▶ _Problem_:
Each line with the string "blocks" is to be copied from the records below.

▶ _Entries supplied_:
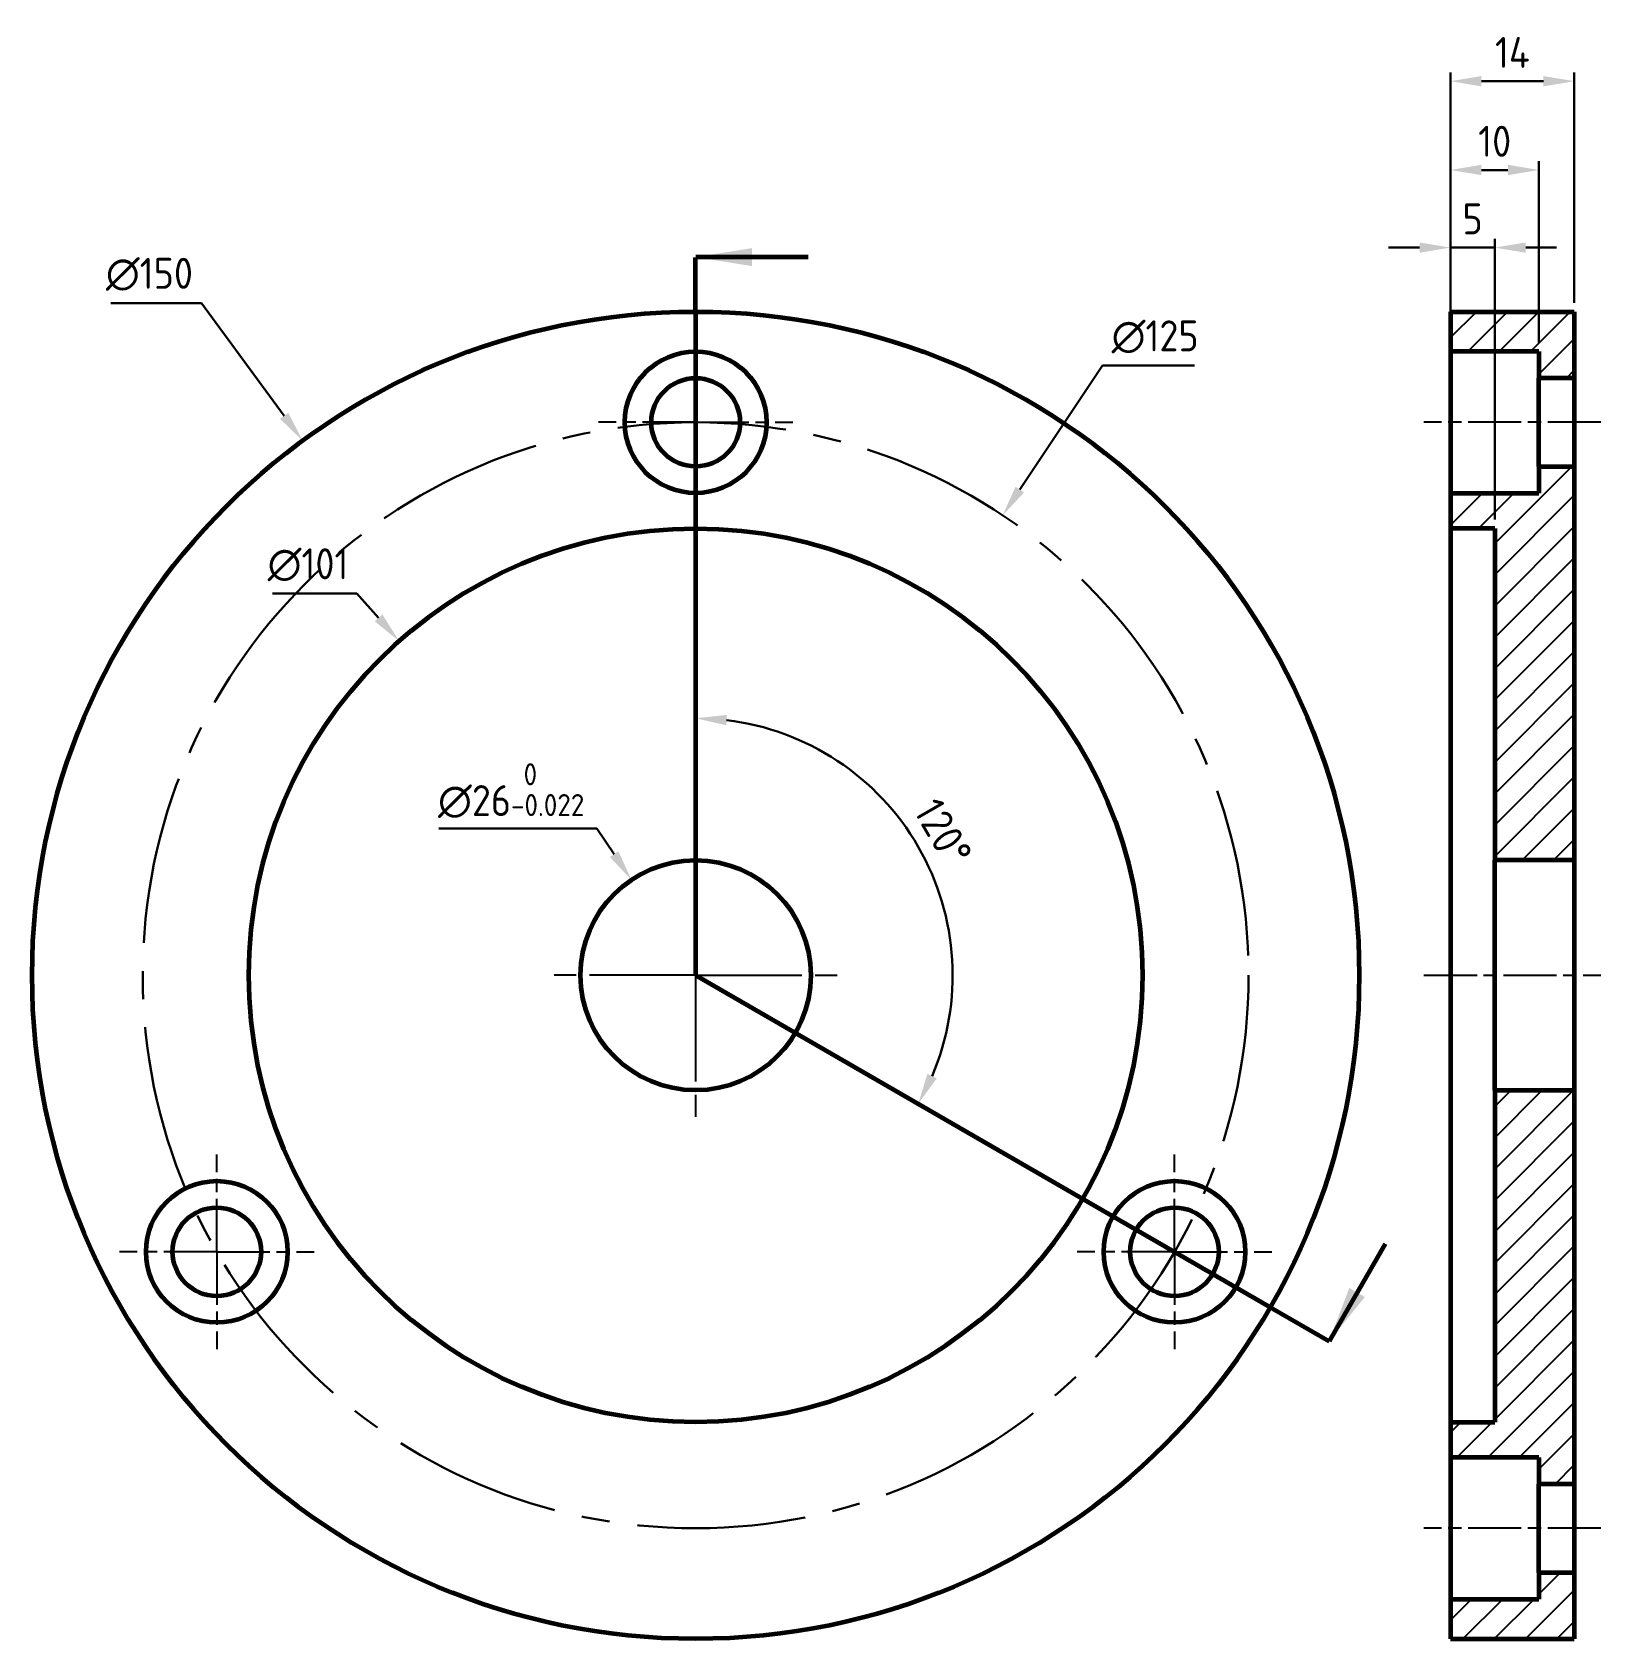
# Model space of a CAD drawing. Header units: millimetres. Extents: x 363 to 540, y 80 to 262.
import ezdxf

# ---------------------------------------------------------------- set-up
doc = ezdxf.new("R2010")
doc.units = ezdxf.units.MM
for name, pattern in [('AM_ISO08W050', [18, 12, -1.5, 3, -1.5]), ('AM_ISO08W050x2', [9, 6, -0.75, 1.5, -0.75]), ('CENTER2', [28.575, 19.05, -3.175, 3.175, -3.175])]:
    doc.linetypes.add(name, pattern=pattern)
doc.layers.get('0').update_dxf_attribs({"lineweight": 60})
for name, color, linetype, lineweight in [('AM_7', 4, 'AM_ISO08W050', 25), ('AM_8', 1, 'Continuous', 25), ('Annotations', 50, 'Continuous', 30), ('Center Lines', 140, 'CENTER2', 30)]:
    doc.layers.add(name, color=color, linetype=linetype, lineweight=lineweight)
doc.styles.get("Standard").update_dxf_attribs({"font": 'ISOCP.SHX'})
doc.dimstyles.new('AM_ISO', dxfattribs={"dimtxt": 3.5, "dimasz": 3.5, "dimexe": 1, "dimexo": 1, "dimgap": 1.5, "dimtad": 1, "dimdsep": 46, "dimtxsty": 'Standard', "dimcen": 0, "dimclrd": 256, "dimclre": 256, "dimclrt": 2, "dimadec": 0, "dimazin": 2, "dimtp": 0.1, "dimtm": 0.1, "dimtfac": 0.71, "dimtdec": 3, "dimtmove": 0, "dimatfit": 3, "dimfxl": 1, "dimlwd": -1, "dimlwe": -1, "dimarcsym": 1})
doc.dimstyles.new('AM_ISO$3', dxfattribs={"dimtxt": 3.5, "dimasz": 3.5, "dimexe": 1, "dimexo": 1, "dimgap": 1.5, "dimtad": 1, "dimtoh": 1, "dimdsep": 46, "dimtxsty": 'Standard', "dimcen": 0, "dimclrd": 256, "dimclre": 256, "dimclrt": 2, "dimadec": 0, "dimazin": 2, "dimtp": 0.1, "dimtm": 0.1, "dimtfac": 0.71, "dimtdec": 3, "dimtofl": 0, "dimtmove": 0, "dimatfit": 0, "dimfxl": 1, "dimlwd": -1, "dimlwe": -1, "dimarcsym": 1})
pattern_1 = [(45, (-26.0165, 0), (-1.767767, 1.767767), [])]

# ---------------------------------------------------------------- blocks, each defined once
blk = doc.blocks.new('*D4')
at = {"layer": 'Annotations', "linetype": 'ByBlock', "transparency": 16777216}
for p, q in [((382, 231.37), (371.75, 231.37)), ((391.36, 218.64), (382, 231.37))]:
    blk.add_line(p, q, dxfattribs=at)
at = {"layer": 'Annotations', "transparency": 16777216}
blk.add_solid([(391.83, 218.98), (390.89, 218.29), (393.44, 215.82)], dxfattribs=at)
at = {"layer": 'Defpoints', "color": 0, "transparency": 16777216}
for p in [(393.44, 215.82), (482.31, 94.98)]:
    blk.add_point(p, dxfattribs=at)
at = {"layer": 'Annotations', "color": 2, "transparency": 16777216, "insert": (376.13, 234.62), "char_height": 3.5, "attachment_point": 5}
blk.add_mtext('∅150', dxfattribs=at)
blk = doc.blocks.new('*D5')
at = {"layer": 'Annotations', "linetype": 'ByBlock', "transparency": 16777216}
for p, q in [((399.59, 198.54), (390.04, 198.54)), ((402.03, 195.79), (399.59, 198.54))]:
    blk.add_line(p, q, dxfattribs=at)
at = {"layer": 'Annotations', "transparency": 16777216}
blk.add_solid([(402.47, 196.17), (401.59, 195.4), (404.35, 193.17)], dxfattribs=at)
at = {"layer": 'Defpoints', "color": 0, "transparency": 16777216}
for p in [(404.35, 193.17), (471.39, 117.63)]:
    blk.add_point(p, dxfattribs=at)
at = {"layer": 'Annotations', "color": 2, "transparency": 16777216, "insert": (394.06, 201.79), "char_height": 3.5, "attachment_point": 5}
blk.add_mtext('∅101', dxfattribs=at)
blk = doc.blocks.new('*D6')
at = {"layer": 'Annotations', "linetype": 'ByBlock', "transparency": 16777216}
for p, q in [((426.7, 171.99), (408.83, 171.99)), ((428.66, 169.08), (426.7, 171.99))]:
    blk.add_line(p, q, dxfattribs=at)
at = {"layer": 'Annotations', "transparency": 16777216}
blk.add_solid([(429.14, 169.41), (428.17, 168.76), (430.61, 166.18)], dxfattribs=at)
at = {"layer": 'Defpoints', "color": 0, "transparency": 16777216}
for p in [(430.61, 166.18), (445.13, 144.61)]:
    blk.add_point(p, dxfattribs=at)
at = {"layer": 'Annotations', "color": 2, "transparency": 16777216, "insert": (417.02, 176.26), "char_height": 3.5, "attachment_point": 5}
blk.add_mtext('∅26{}{\\H0.71x;\\C3;\\S 0^ -0.022;}', dxfattribs=at)
blk = doc.blocks.new('*D7')
at = {"layer": 'Annotations', "linetype": 'ByBlock', "transparency": 16777216}
blk.add_arc((437.87, 155.4), 29.05, 336.907, 83.093, dxfattribs=at)
at = {"layer": 'Annotations', "transparency": 16777216}
for points in [[(441.33, 183.65), (441.4, 184.82), (437.87, 184.45)], [(465.12, 143.74), (464.07, 144.26), (463.03, 140.87)]]:
    blk.add_solid(points, dxfattribs=at)
at = {"layer": 'Defpoints', "color": 0, "transparency": 16777216}
for p in [(437.87, 230.4), (466.48, 160.44), (437.87, 155.4), (437.87, 155.4), (502.82, 117.9)]:
    blk.add_point(p, dxfattribs=at)
at = {"layer": 'Annotations', "color": 2, "transparency": 16777216, "insert": (465.85, 171.55), "char_height": 3.5, "attachment_point": 5, "rotation": 300}
blk.add_mtext('120°', dxfattribs=at)
blk = doc.blocks.new('*D8')
at = {"layer": 'Annotations', "linetype": 'ByBlock', "transparency": 16777216}
for p, q in [((523.19, 226.9), (523.19, 247.41)), ((533.19, 226.9), (533.19, 247.41)), ((526.69, 246.41), (529.69, 246.41))]:
    blk.add_line(p, q, dxfattribs=at)
at = {"layer": 'Annotations', "transparency": 16777216}
for points in [[(526.69, 247), (526.69, 245.83), (523.19, 246.41)], [(529.69, 247), (529.69, 245.83), (533.19, 246.41)]]:
    blk.add_solid(points, dxfattribs=at)
at = {"layer": 'Defpoints', "color": 0, "transparency": 16777216}
for p in [(533.19, 246.41), (523.19, 225.9), (533.19, 225.9)]:
    blk.add_point(p, dxfattribs=at)
at = {"layer": 'Annotations', "color": 2, "transparency": 16777216, "insert": (528.19, 249.66), "char_height": 3.5, "attachment_point": 5}
blk.add_mtext('10', dxfattribs=at)
blk = doc.blocks.new('*D9')
at = {"layer": 'Annotations', "linetype": 'ByBlock', "transparency": 16777216}
for p, q in [((523.19, 231.4), (523.19, 257.45)), ((533.69, 256.45), (526.69, 256.45)), ((537.19, 231.4), (537.19, 257.45))]:
    blk.add_line(p, q, dxfattribs=at)
at = {"layer": 'Annotations', "transparency": 16777216}
for points in [[(526.69, 257.03), (526.69, 255.86), (523.19, 256.45)], [(533.69, 257.03), (533.69, 255.86), (537.19, 256.45)]]:
    blk.add_solid(points, dxfattribs=at)
at = {"layer": 'Defpoints', "color": 0, "transparency": 16777216}
for p in [(523.19, 256.45), (523.19, 230.4), (537.19, 230.4)]:
    blk.add_point(p, dxfattribs=at)
at = {"layer": 'Annotations', "color": 2, "transparency": 16777216, "insert": (530.19, 259.7), "char_height": 3.5, "attachment_point": 5}
blk.add_mtext('14', dxfattribs=at)
blk = doc.blocks.new('*D10')
at = {"layer": 'Annotations', "linetype": 'ByBlock', "transparency": 16777216}
for p, q in [((523.19, 206.9), (523.19, 238.64)), ((528.19, 206.9), (528.19, 238.64)), ((519.69, 237.64), (516.19, 237.64)), ((528.19, 237.64), (523.19, 237.64)), ((531.69, 237.64), (535.19, 237.64))]:
    blk.add_line(p, q, dxfattribs=at)
at = {"layer": 'Annotations', "transparency": 16777216}
for points in [[(519.69, 238.22), (519.69, 237.06), (523.19, 237.64)], [(531.69, 238.22), (531.69, 237.06), (528.19, 237.64)]]:
    blk.add_solid(points, dxfattribs=at)
at = {"layer": 'Defpoints', "color": 0, "transparency": 16777216}
for p in [(523.19, 237.64), (523.19, 205.9), (528.19, 205.9)]:
    blk.add_point(p, dxfattribs=at)
at = {"layer": 'Annotations', "color": 2, "transparency": 16777216, "insert": (525.69, 240.89), "char_height": 3.5, "attachment_point": 5}
blk.add_mtext('5', dxfattribs=at)
blk = doc.blocks.new('*D11')
at = {"layer": 'Annotations', "linetype": 'ByBlock', "transparency": 16777216}
for p, q in [((474.51, 210.29), (483.86, 224.3)), ((483.86, 224.3), (494.26, 224.3))]:
    blk.add_line(p, q, dxfattribs=at)
at = {"layer": 'Annotations', "transparency": 16777216}
blk.add_solid([(474.03, 210.61), (475, 209.97), (472.57, 207.38)], dxfattribs=at)
at = {"layer": 'Defpoints', "color": 0, "transparency": 16777216}
for p in [(472.57, 207.38), (403.17, 103.41)]:
    blk.add_point(p, dxfattribs=at)
at = {"layer": 'Annotations', "color": 2, "transparency": 16777216, "insert": (489.81, 227.55), "char_height": 3.5, "attachment_point": 5}
blk.add_mtext('∅125', dxfattribs=at)

msp = doc.modelspace()

# ---------------------------------------------------------------- hatches: boundary and pattern name
at = {"layer": 'AM_8'}
h = msp.add_hatch(dxfattribs=at)
h.set_pattern_fill('_U', color=256, scale=2.5, angle=45, style=0, pattern_type=0)
h.set_pattern_definition(pattern_1)
h.paths.add_polyline_path([(523.189, 225.896), (533.189, 225.896), (533.189, 222.896), (537.189, 222.896), (537.189, 230.396), (523.189, 230.396)])
h = msp.add_hatch(dxfattribs=at)
h.set_pattern_fill('_U', color=256, scale=2.5, angle=45, style=0, pattern_type=0)
h.set_pattern_definition(pattern_1)
h.paths.add_polyline_path([(537.189, 168.396), (537.189, 212.896), (533.189, 212.896), (533.189, 209.896), (523.189, 209.896), (523.189, 205.896), (528.189, 205.896), (528.189, 168.396)])
h = msp.add_hatch(dxfattribs=at)
h.set_pattern_fill('_U', color=256, scale=2.5, angle=45, style=0, pattern_type=0)
h.set_pattern_definition(pattern_1)
h.paths.add_polyline_path([(528.189, 142.396), (528.189, 104.896), (523.189, 104.896), (523.189, 100.896), (533.189, 100.896), (533.189, 97.896), (537.189, 97.896), (537.189, 142.396)])
h = msp.add_hatch(dxfattribs=at)
h.set_pattern_fill('_U', color=256, scale=2.5, angle=45, style=0, pattern_type=0)
h.set_pattern_definition(pattern_1)
h.paths.add_polyline_path([(523.189, 84.896), (523.189, 80.396), (537.189, 80.396), (537.189, 87.896), (533.189, 87.896), (533.189, 84.896)])

# ---------------------------------------------------------------- linework, layer by layer
for p, q in [((437.873, 230.396), (437.873, 236.511)), ((502.825, 117.896), (509.461, 114.044))]:
    msp.add_line(p, q)
at = {"lineweight": 60}
for p, q in [((450.585, 236.563), (437.885, 236.563)), ((437.873, 230.396), (437.873, 155.396)), ((523.189, 230.396), (537.189, 230.396)), ((523.189, 230.396), (523.189, 225.896)), ((537.189, 230.396), (537.189, 222.896)), ((533.189, 225.896), (523.189, 225.896)), ((523.189, 225.896), (523.189, 209.896)), ((533.189, 225.896), (533.189, 222.896)), ((537.189, 222.896), (533.189, 222.896)), ((533.189, 212.896), (533.189, 222.896)), ((537.189, 222.896), (537.189, 212.896)), ((533.189, 212.896), (533.189, 209.896)), ((533.189, 212.896), (537.189, 212.896)), ((537.189, 212.896), (537.189, 168.396)), ((523.189, 209.896), (533.189, 209.896)), ((523.189, 209.896), (523.189, 205.896)), ((528.189, 205.896), (523.189, 205.896)), ((523.189, 205.896), (523.189, 104.896)), ((528.189, 205.896), (528.189, 168.396)), ((537.189, 168.396), (528.189, 168.396)), ((528.189, 142.396), (528.189, 168.396)), ((537.189, 168.396), (537.189, 142.396)), ((437.873, 155.396), (502.825, 117.896)), ((528.189, 142.396), (537.189, 142.396)), ((528.189, 142.396), (528.189, 104.896)), ((537.189, 142.396), (537.189, 97.896)), ((515.811, 125.042), (509.461, 114.044)), ((523.189, 104.896), (528.189, 104.896)), ((523.189, 104.896), (523.189, 100.896)), ((533.189, 100.896), (523.189, 100.896)), ((523.189, 100.896), (523.189, 84.896)), ((533.189, 100.896), (533.189, 97.896)), ((537.189, 97.896), (533.189, 97.896)), ((533.189, 87.896), (533.189, 97.896)), ((537.189, 97.896), (537.189, 87.896)), ((533.189, 87.896), (537.189, 87.896)), ((533.189, 87.896), (533.189, 84.896)), ((537.189, 87.896), (537.189, 80.396)), ((523.189, 84.896), (533.189, 84.896)), ((523.189, 84.896), (523.189, 80.396)), ((523.189, 80.396), (537.189, 80.396))]:
    msp.add_line(p, q, dxfattribs=at)
for centre, radius in [((437.873, 155.396), 75), ((437.873, 217.896), 8), ((437.873, 217.896), 5), ((437.873, 155.396), 50.5), ((437.873, 155.396), 13), ((383.746, 124.146), 8), ((491.999, 124.146), 8), ((383.746, 124.146), 5), ((491.999, 124.146), 5)]:
    msp.add_circle(centre, radius, dxfattribs=at)
for points in [[(437.885, 236.563), (444.235, 235.547), (444.235, 237.579)], [(509.461, 114.044), (513.516, 119.035), (511.756, 120.051)]]:
    msp.add_solid(points, dxfattribs=at)
at = {"layer": 'AM_7', "linetype": 'AM_ISO08W050x2'}
for p, q in [((437.873, 217.896), (437.873, 228.896)), ((437.873, 217.896), (426.873, 217.896)), ((437.873, 217.896), (448.873, 217.896)), ((437.873, 217.896), (437.873, 206.896)), ((540.189, 217.896), (520.189, 217.896)), ((520.189, 155.396), (540.189, 155.396)), ((383.746, 124.146), (383.746, 135.146)), ((491.999, 124.146), (491.999, 135.146)), ((383.746, 124.146), (372.746, 124.146)), ((383.746, 124.146), (394.746, 124.146)), ((383.746, 124.146), (383.746, 113.146)), ((491.999, 124.146), (480.999, 124.146)), ((491.999, 124.146), (502.999, 124.146)), ((491.999, 124.146), (491.999, 113.146)), ((540.189, 92.896), (520.189, 92.896))]:
    msp.add_line(p, q, dxfattribs=at)
at = {"layer": 'AM_7'}
for q in [(437.873, 171.396), (421.873, 155.396), (453.873, 155.396), (437.873, 139.396)]:
    msp.add_line((437.873, 155.396), q, dxfattribs=at)
at = {"layer": 'Center Lines'}
msp.add_circle((437.873, 155.396), 62.5, dxfattribs=at)

# ---------------------------------------------------------------- dimensions: what is measured, and where the dimension line sits
at = {"layer": 'Annotations'}
for base, p1, p2, picture, middle in [((523.189, 256.447), (537.189, 230.396), (523.189, 230.396), '*D9', (530.189, 259.697)), ((533.189, 246.415), (523.189, 225.896), (533.189, 225.896), '*D8', (528.189, 249.665)), ((523.189, 237.642), (528.189, 205.896), (523.189, 205.896), '*D10', (525.689, 240.892))]:
    dim = msp.add_linear_dim(base=base, p1=p1, p2=p2, dimstyle='AM_ISO', dxfattribs=at)
    dim.commit()
    dim.dimension.update_dxf_attribs({"geometry": picture, "text_midpoint": middle})
for p1, p2, picture, middle in [((482.307, 94.976), (393.438, 215.816), '*D4', (376.125, 231.367)), ((403.174, 103.413), (472.571, 207.38), '*D11', (489.81, 224.295)), ((471.393, 117.625), (404.353, 193.168), '*D5', (394.06, 198.54))]:
    dim = msp.add_diameter_dim_2p(p1=p1, p2=p2, dimstyle='AM_ISO$3', dxfattribs=at)
    dim.commit()
    dim.dimension.update_dxf_attribs({"geometry": picture, "text_midpoint": middle, "dimtype": 163})
dim = msp.add_angular_dim_2l(base=(466.483, 160.441), line1=((437.873, 230.396), (437.873, 155.396)), line2=((437.873, 155.396), (502.825, 117.896)), dimstyle='AM_ISO', dxfattribs=at)
dim.commit()
dim.dimension.update_dxf_attribs({"geometry": '*D7', "text_midpoint": (465.847, 171.547)})
dim = msp.add_diameter_dim_2p(p1=(445.133, 144.613), p2=(430.612, 166.18), text='<>{}{\\H0.71x;\\C3;\\S 0^ -0.022;}', dimstyle='AM_ISO$3', override={"dimtp": 0, "dimtm": 0.022, "dimtdec": 3, "dimtzin": 8}, dxfattribs=at)
dim.commit()
dim.dimension.update_dxf_attribs({"geometry": '*D6', "text_midpoint": (417.017, 171.986), "dimtype": 163})

doc.saveas('drawing.dxf')

▶ _Task response_:
# ---------------------------------------------------------------- blocks, each defined once
blk = doc.blocks.new('*D4')
blk = doc.blocks.new('*D5')
blk = doc.blocks.new('*D6')
blk = doc.blocks.new('*D7')
blk = doc.blocks.new('*D8')
blk = doc.blocks.new('*D9')
blk = doc.blocks.new('*D10')
blk = doc.blocks.new('*D11')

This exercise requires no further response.